| What you will do |
Beginning with the line where "Generate a 3D" appears, restate each line word for word until the data ends. Pictures do not go in.

| Collected data |

━━━━━━━━━━━━━━━━━━━━━━━━━━━━━━

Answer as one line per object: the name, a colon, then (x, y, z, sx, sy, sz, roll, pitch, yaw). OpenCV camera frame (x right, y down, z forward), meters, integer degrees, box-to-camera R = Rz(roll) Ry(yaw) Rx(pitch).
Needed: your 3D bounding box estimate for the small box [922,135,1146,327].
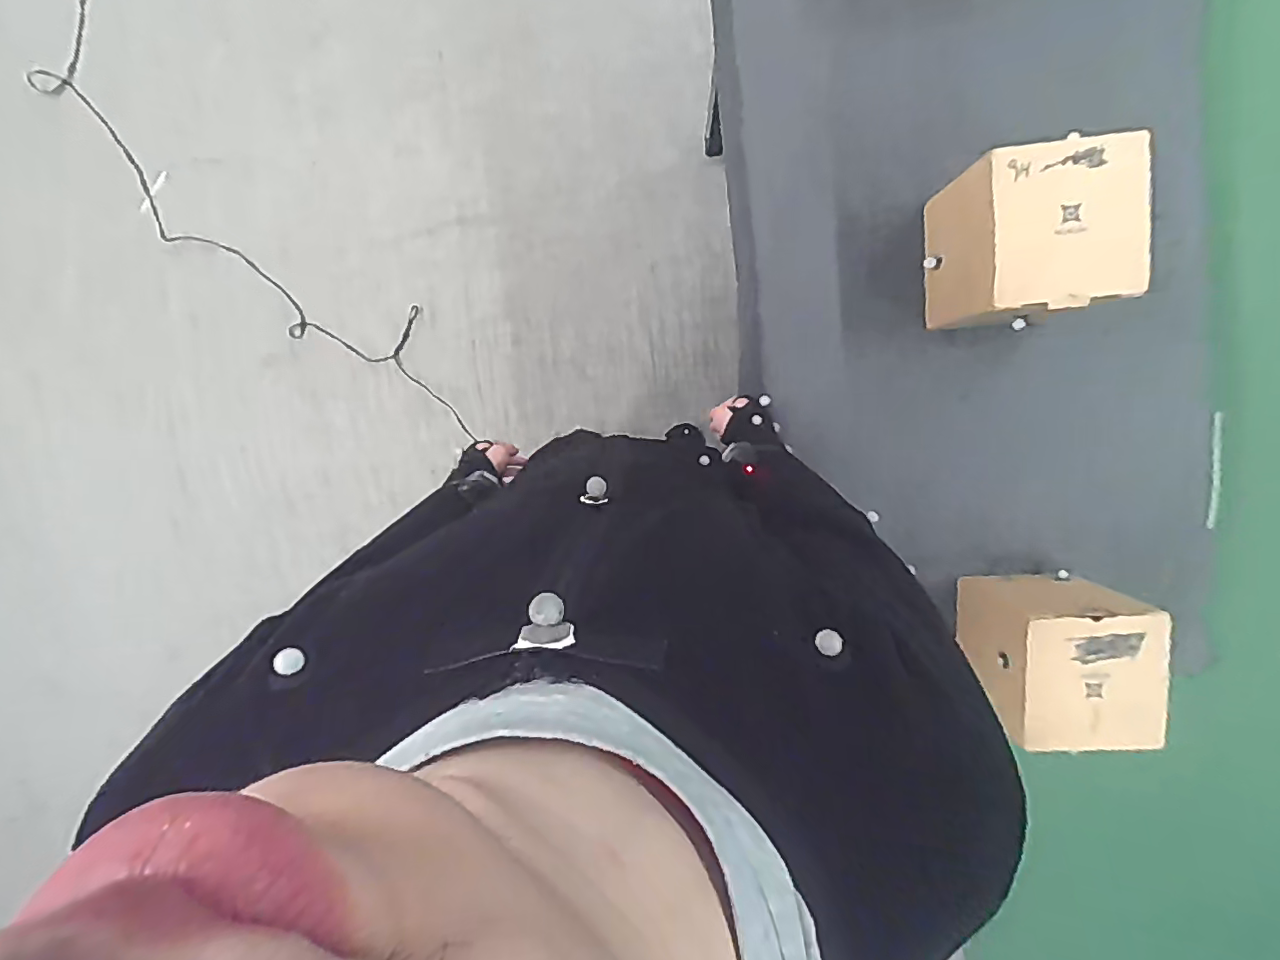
small box: (0.479, -0.295, 0.683, 0.168, 0.176, 0.179, -5, 97, 1)

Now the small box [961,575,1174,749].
small box: (0.565, 0.234, 0.738, 0.168, 0.176, 0.179, -4, 97, 2)
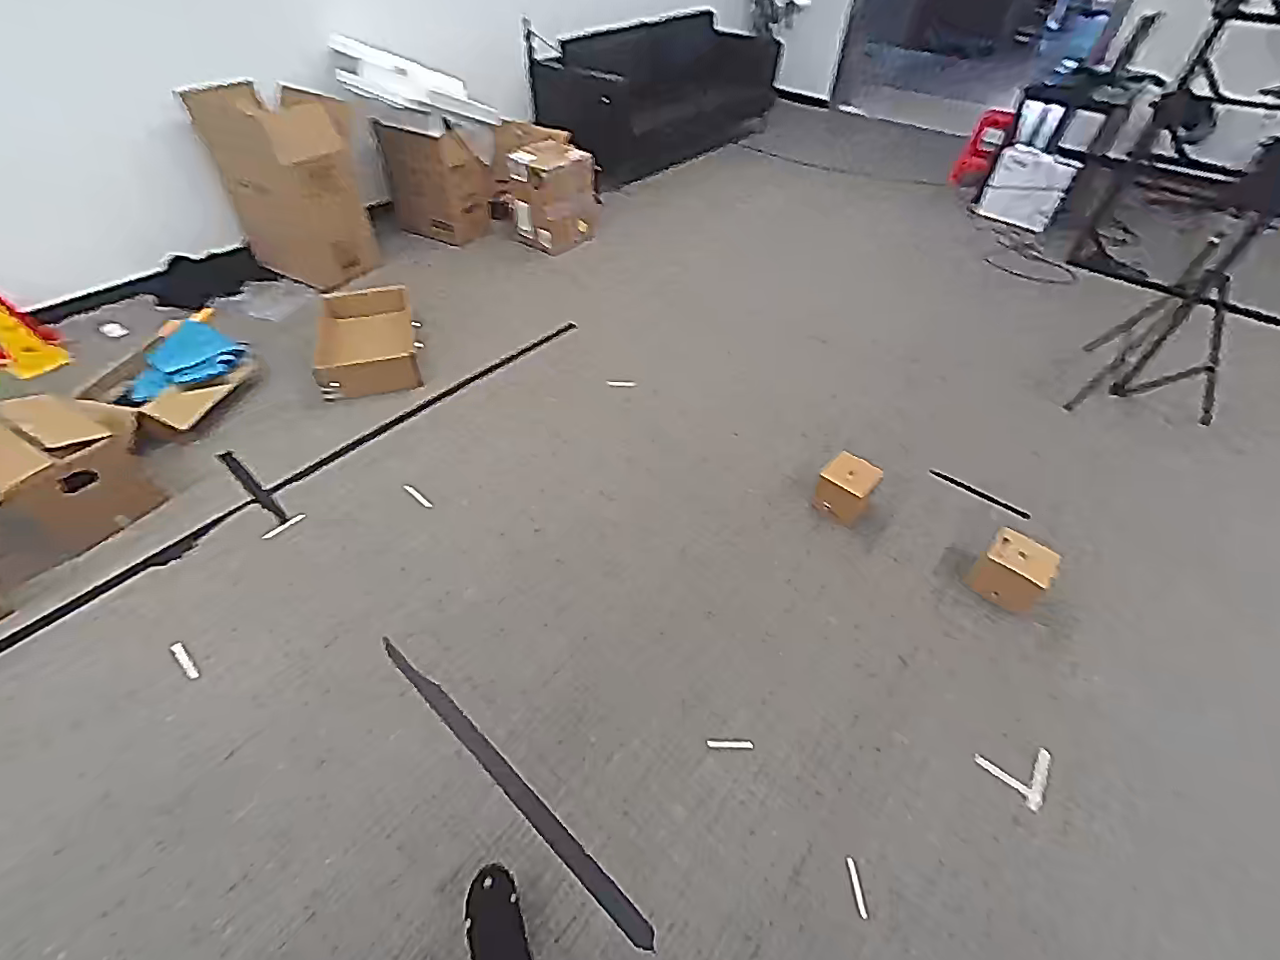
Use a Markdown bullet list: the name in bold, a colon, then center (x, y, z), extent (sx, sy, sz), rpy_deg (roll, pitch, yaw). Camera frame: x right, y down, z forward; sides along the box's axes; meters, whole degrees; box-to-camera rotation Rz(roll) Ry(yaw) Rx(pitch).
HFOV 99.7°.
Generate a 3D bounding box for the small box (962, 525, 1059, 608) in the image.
- **small box**: center (1.187, 0.286, 1.738), extent (0.179, 0.176, 0.168), rpy_deg (35, 56, 26)

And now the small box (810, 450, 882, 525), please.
- **small box**: center (0.743, 0.027, 1.970), extent (0.168, 0.176, 0.179), rpy_deg (34, 56, 28)
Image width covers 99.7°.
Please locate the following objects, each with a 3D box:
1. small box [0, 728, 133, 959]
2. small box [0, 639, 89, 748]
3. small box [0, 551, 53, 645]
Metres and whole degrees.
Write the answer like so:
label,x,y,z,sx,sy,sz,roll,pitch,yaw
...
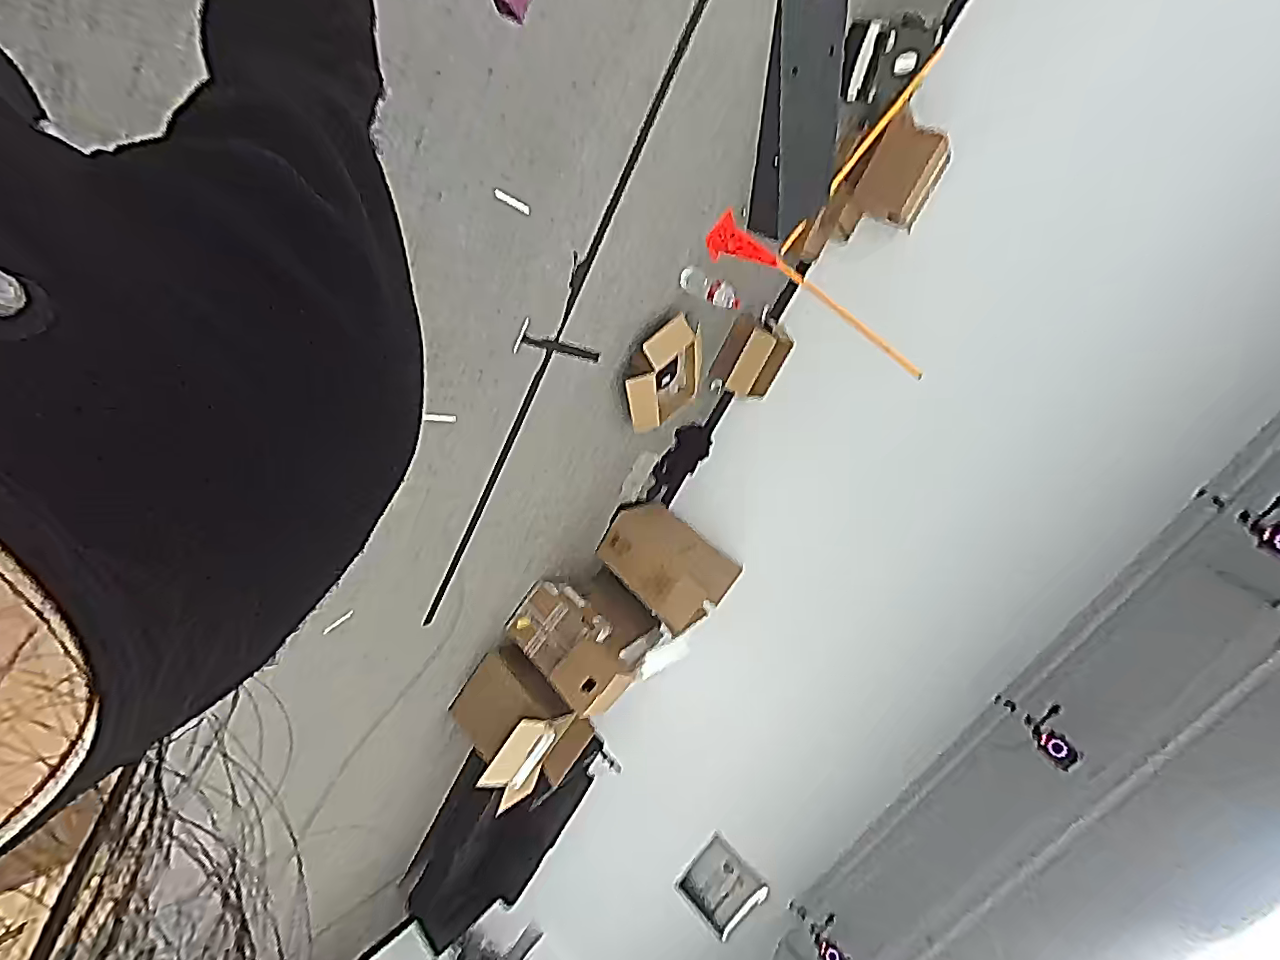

━━━━━━━━━━━━━━━━━━━━━━━━━━━━━━

| Solved problem |
Generate a 3D bounding box for the small box (962, 525, 1059, 608) in the image.
- **small box**: center (1.187, 0.286, 1.738), extent (0.179, 0.176, 0.168), rpy_deg (35, 56, 26)

And now the small box (810, 450, 882, 525), please.
- **small box**: center (0.743, 0.027, 1.970), extent (0.168, 0.176, 0.179), rpy_deg (34, 56, 28)
Image width covers 99.7°.
Please locate the following objects, each with a 3D box:
1. small box [0, 728, 133, 959]
2. small box [0, 639, 89, 748]
3. small box [0, 551, 53, 645]
Metres and whole degrees.
Write the answer like so:
label,x,y,z,sx,sy,sz,roll,pitch,yaw
...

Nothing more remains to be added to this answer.